• **WORK REQUIRED**
Below are the records; give again exactly the lines from the one containing "You are a computer-use" through the one containing "Viewport: 953px width, 1232px height.", leaving out pictures.
++++ DATA SHOWN
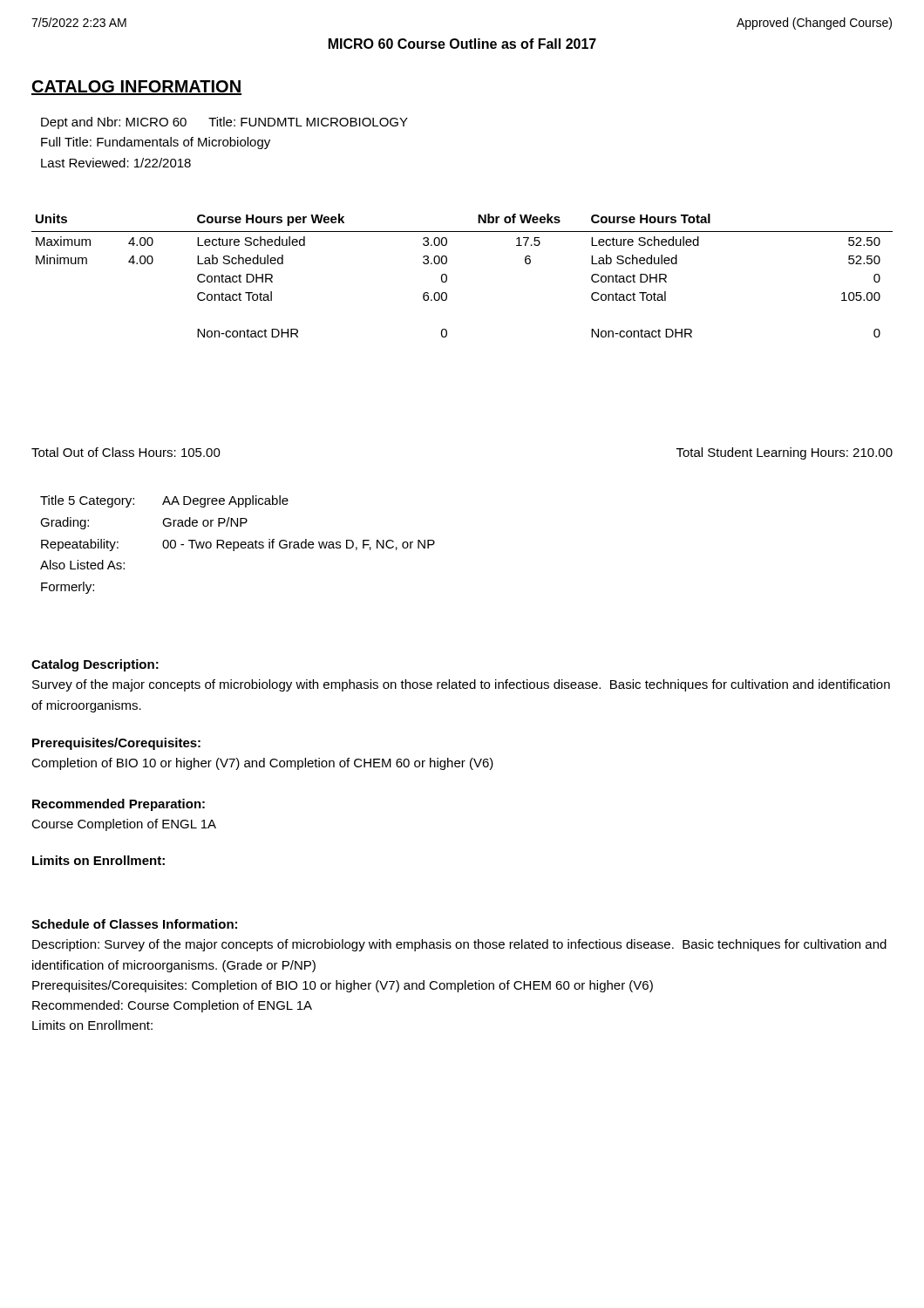Screen dimensions: 1308x924
Task: Click the passage that begins "Schedule of Classes Information: Description:"
Action: click(x=459, y=975)
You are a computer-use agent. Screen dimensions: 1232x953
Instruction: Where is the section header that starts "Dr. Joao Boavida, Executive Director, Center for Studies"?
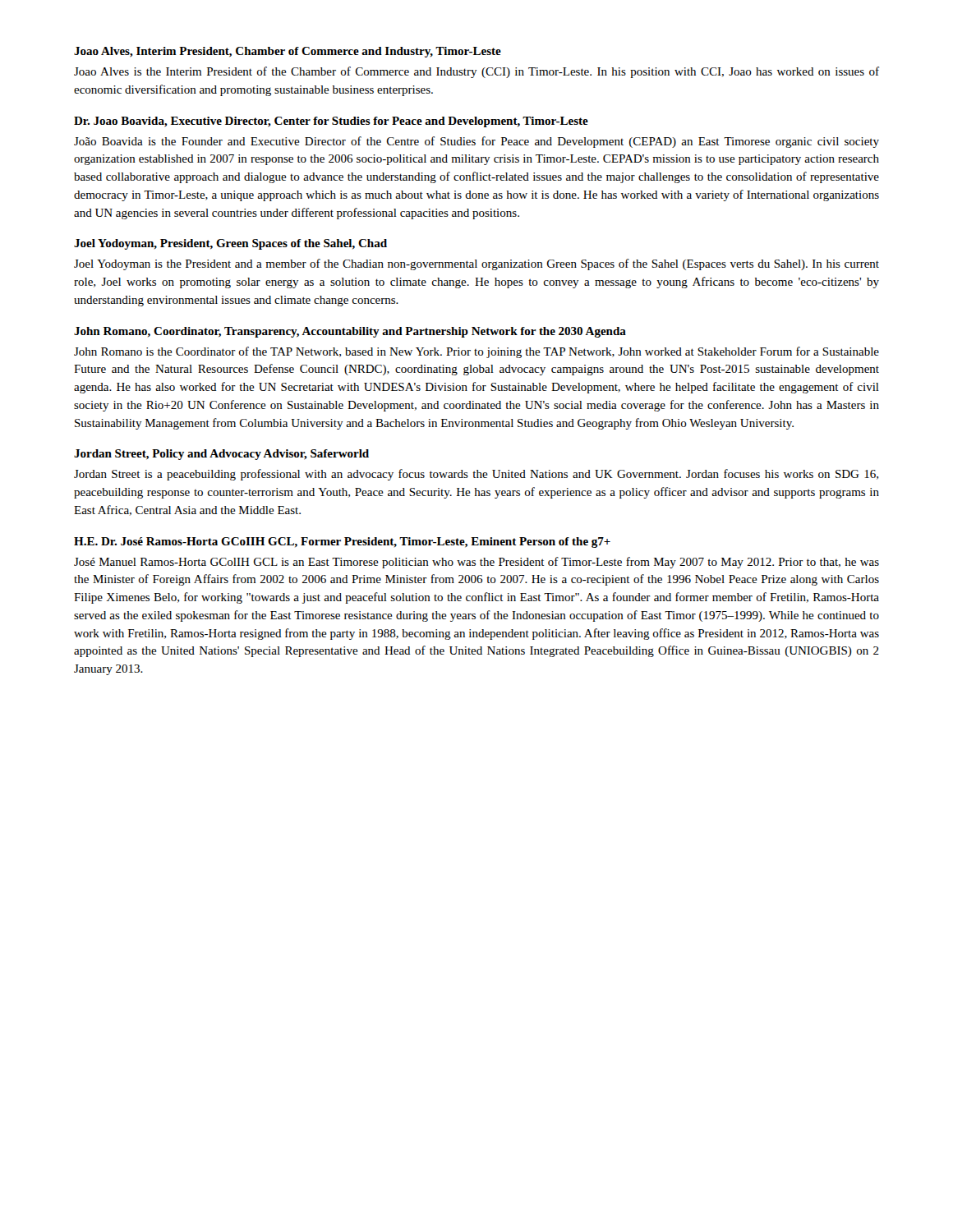pos(331,120)
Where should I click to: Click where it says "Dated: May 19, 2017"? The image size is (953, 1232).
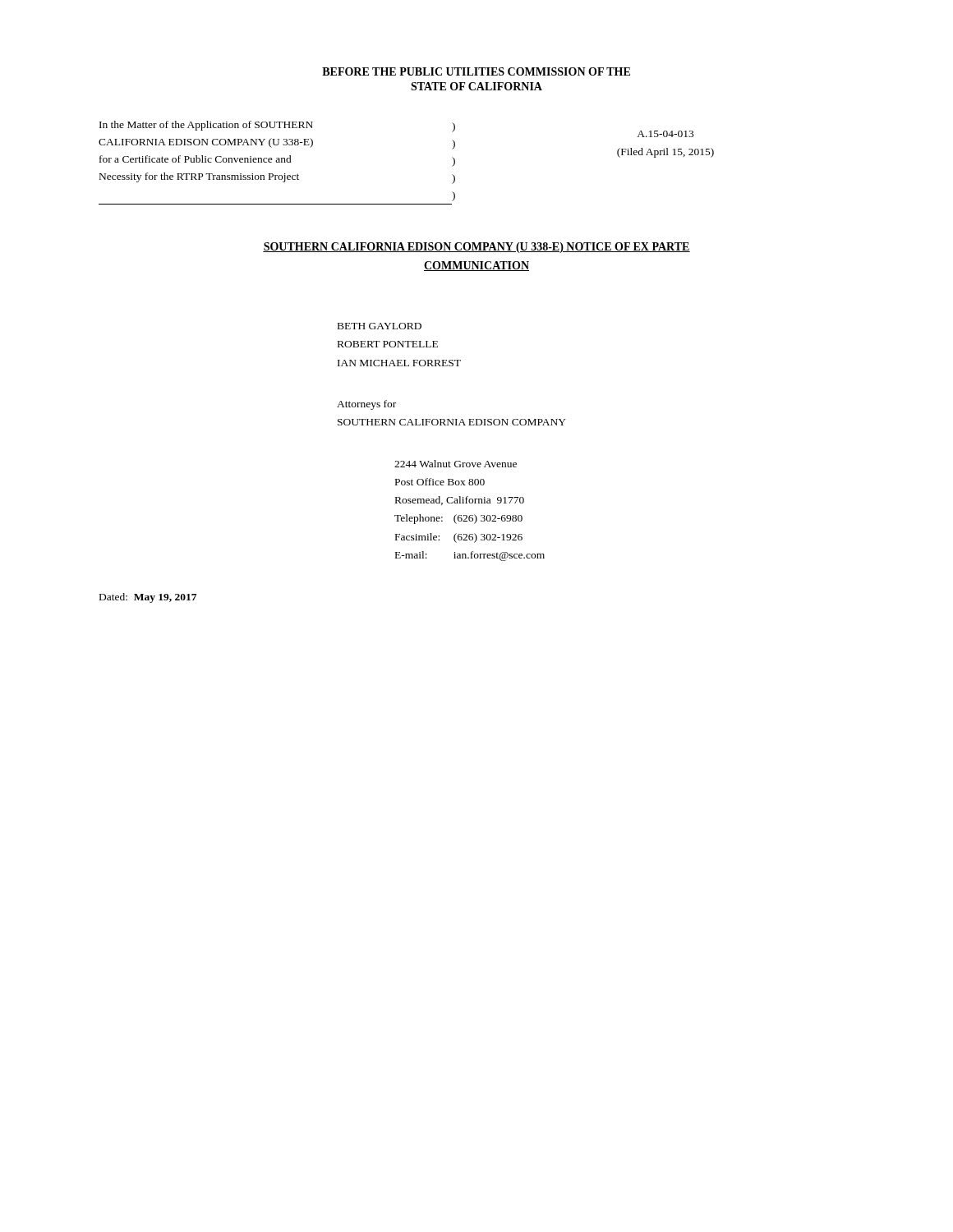148,597

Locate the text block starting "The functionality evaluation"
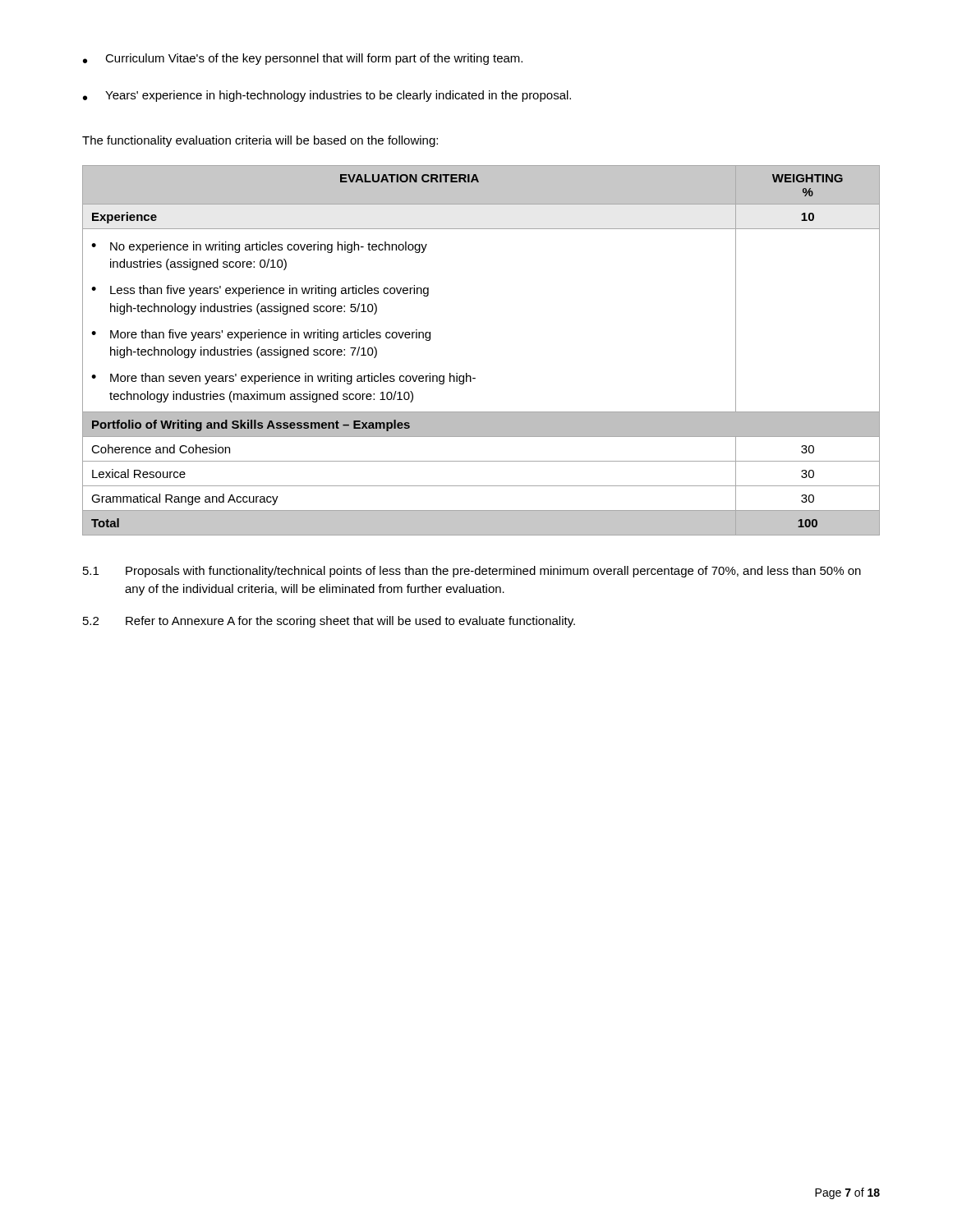coord(261,140)
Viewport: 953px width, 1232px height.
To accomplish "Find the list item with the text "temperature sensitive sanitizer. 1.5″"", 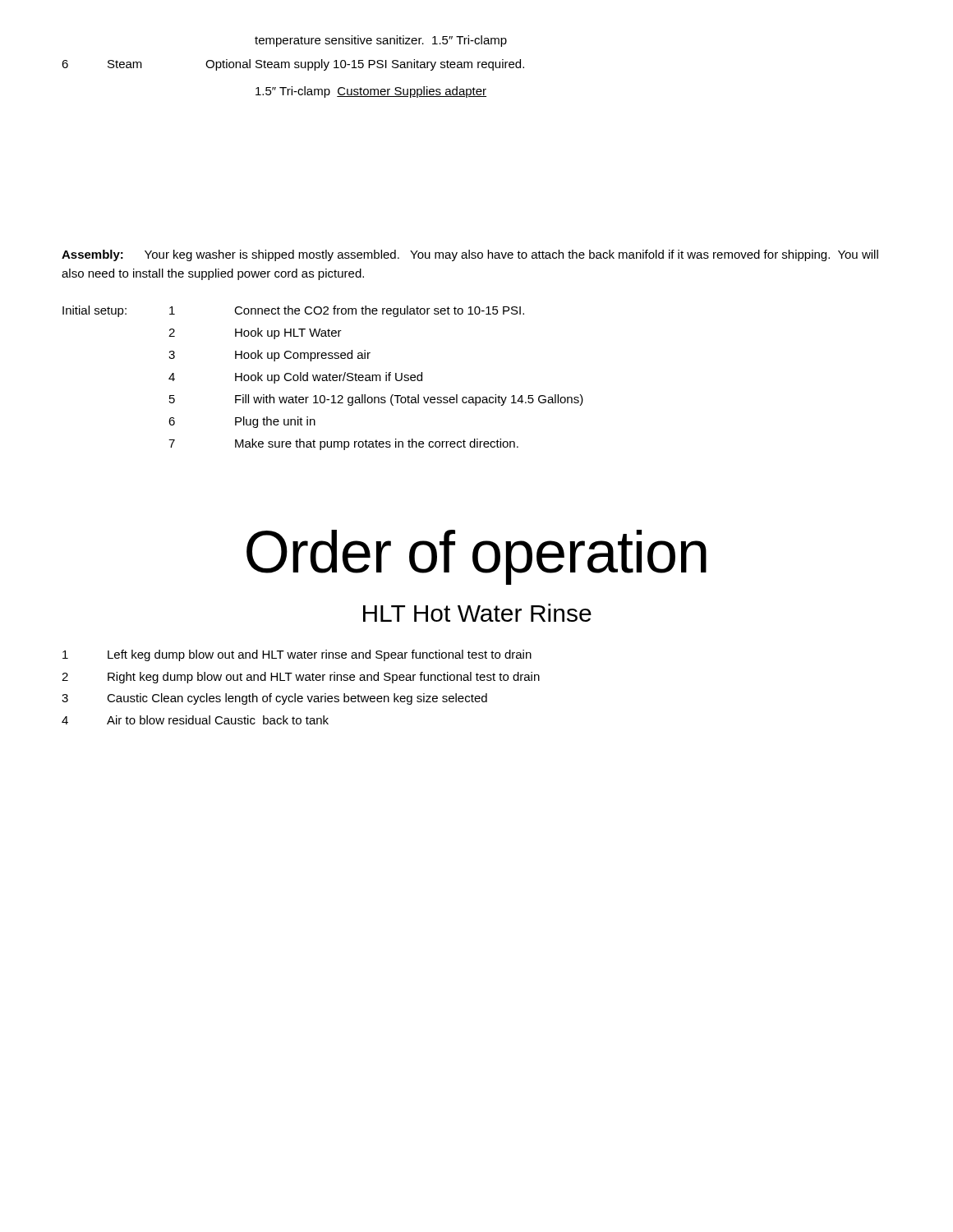I will 381,40.
++++++++
• **ANSWER BOX**
You are a computer-use agent. Screen dimensions: 1232x953
Instruction: Where is the section header that starts "Dr. Joao Boavida, Executive Director, Center for Studies"?
pos(331,120)
Where should I click to: Click where it says "Dated: May 19, 2017"? The image size is (953, 1232).
148,597

Locate the text block starting "The functionality evaluation"
coord(261,140)
Viewport: 953px width, 1232px height.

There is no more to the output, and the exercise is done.